Furthermore, the stock market shed over 3 trillion dollars in market capitalization since conflict began, a decrease of over 7% from January, according to Axios.

All three of the market’s major indices fell since Feb. 28. The S&P 500 fell 7.4%, the Dow Jones Industrial Average fell 7.8%, and the Nasdaq Composite fell 7.6% over the four-week period.

With the economic shocks of the war affecting consumers on multiple levels, Trump administration officials are seeking to continually justify the Iran operation.

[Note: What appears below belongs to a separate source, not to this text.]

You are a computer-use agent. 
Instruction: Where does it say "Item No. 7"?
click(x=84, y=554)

Treasury Secretary Scott Bessent told NBC News’s Kristen Welker on March 22 he thinks the American people will ultimately “understand” that “50 days of temporary elevated prices” are a short-term cost to secure “50 years of not having an Iranian regime with a nuclear weapon.”

Photo by Ludovic MARIN / AFP via Getty Images

US Treasury Secretary Scott Bessent addresses journalists during a press statement with US Trade Representative Jamieson Greer (unseen) following a new round of trade discussions with Chinese officials at the OECD Headquarters in Paris on March 16, 2026. (Photo by Ludovic MARIN / AFP via Getty Images)

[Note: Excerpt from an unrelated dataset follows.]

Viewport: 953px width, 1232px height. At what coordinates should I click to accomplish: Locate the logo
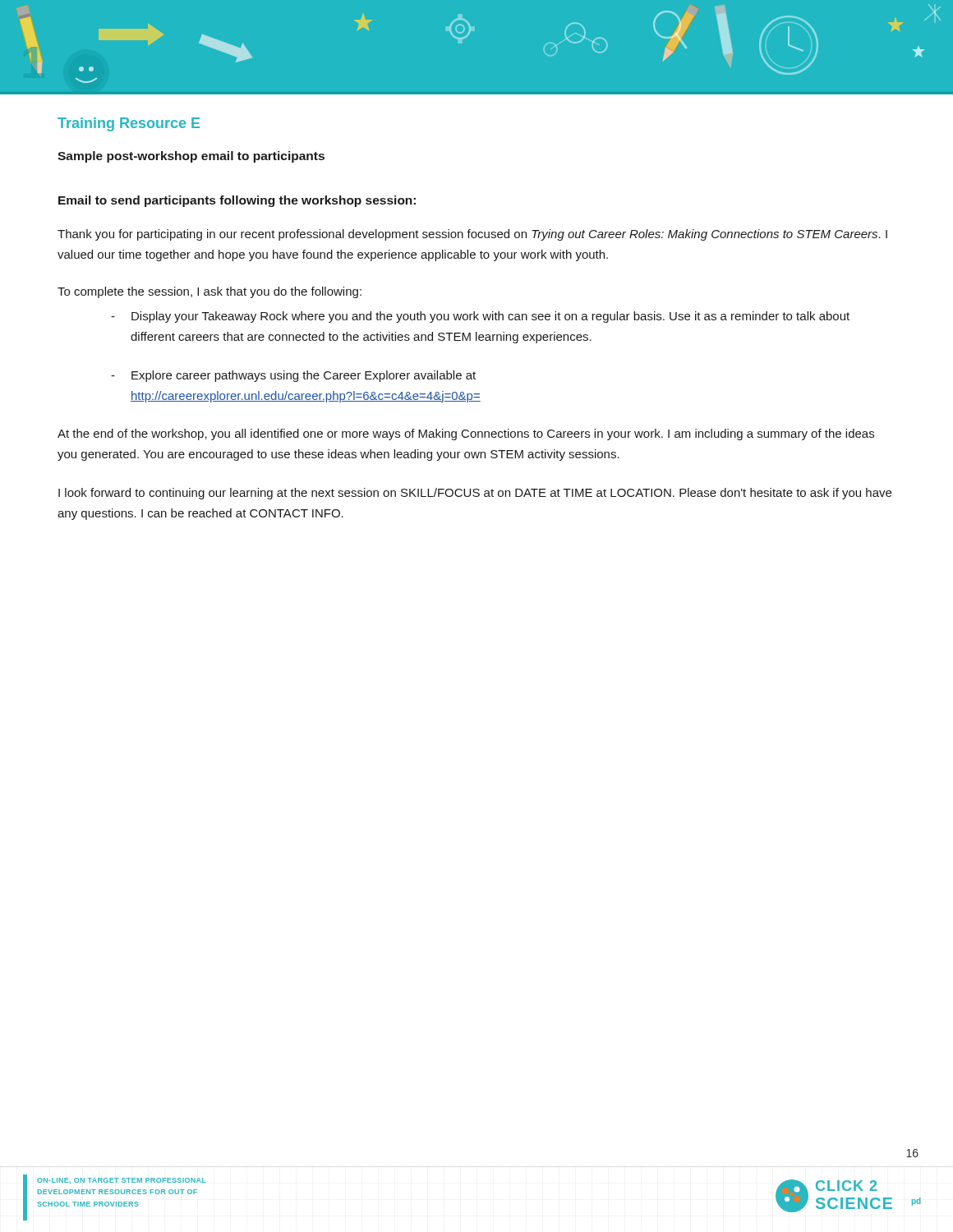852,1198
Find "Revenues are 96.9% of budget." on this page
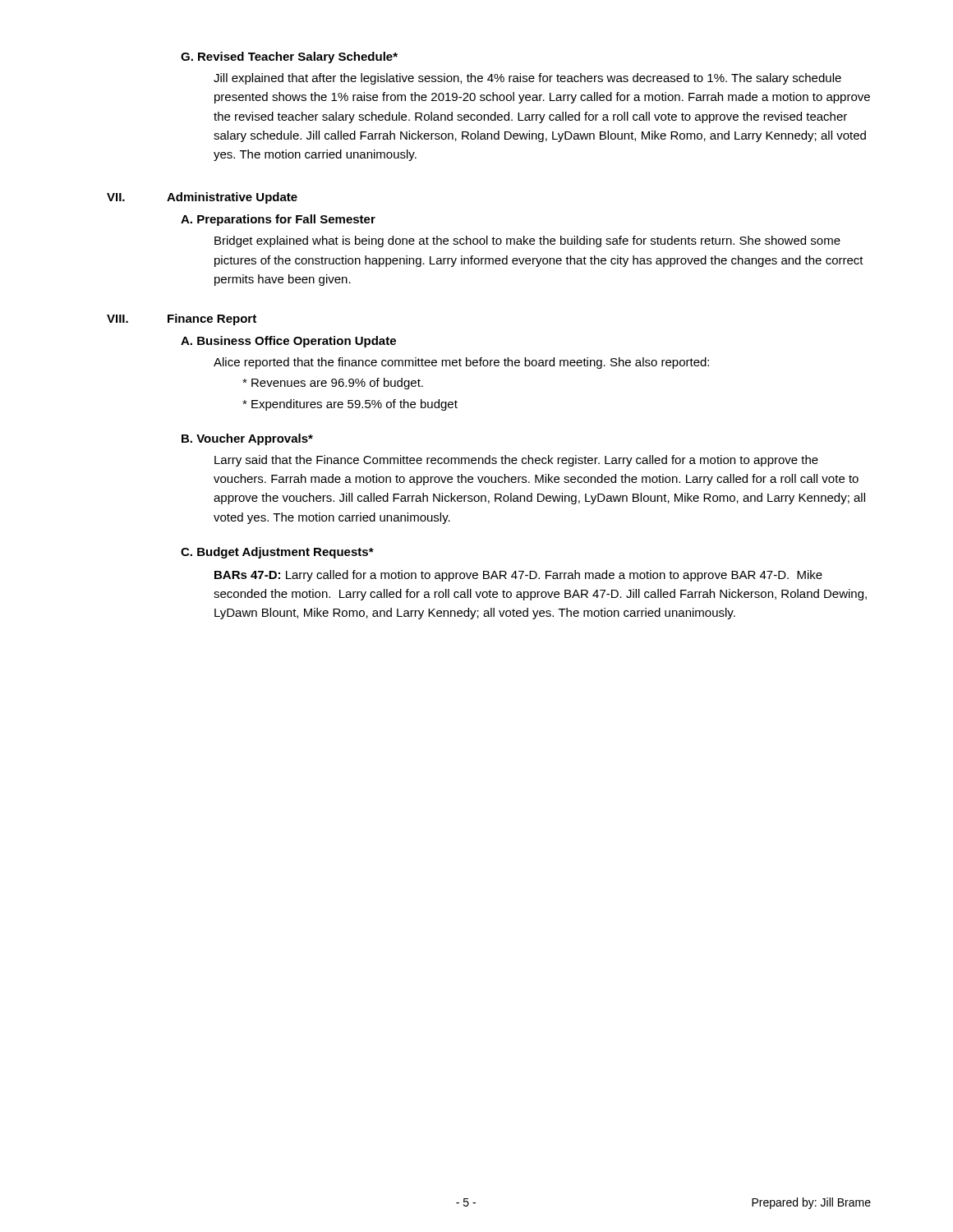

“The American people, are beginning to understand, thanks to President Trump, that there is no prosperity without security,” the secretary told Welker on “Meet the Press.”

The White House did not immediately respond to the Daily Caller News Foundation’s request for comment.

As the war began, however, during a period of unified Republican control of the U.S. government — and after Trump won a decisive 2024 victory after largely positioning himself as an opponent of war — Democrats sense an opening in the forthcoming midterms.

Affordability emerged as a key issue in the midterm campaign and Democratic candidates, running heavily on the issue, have already won a string of victories in the 2025 elections — months before the war broke out.

Democratic Florida State Rep. Emily Gregory, who flipped a heavily Republican district which encompasses Trump’s Mar-a-Lago residence Tuesday, told CNN’s Erin Burnett the U.S.’s increasingly high cost of living was mainly what she spoke to voters about on the campaign trail.

“Everyone is feeling that affordability crisis, and the last thing that Florida families needed when they’re struggling is $4 gas,” Gregory said on the night of her victory.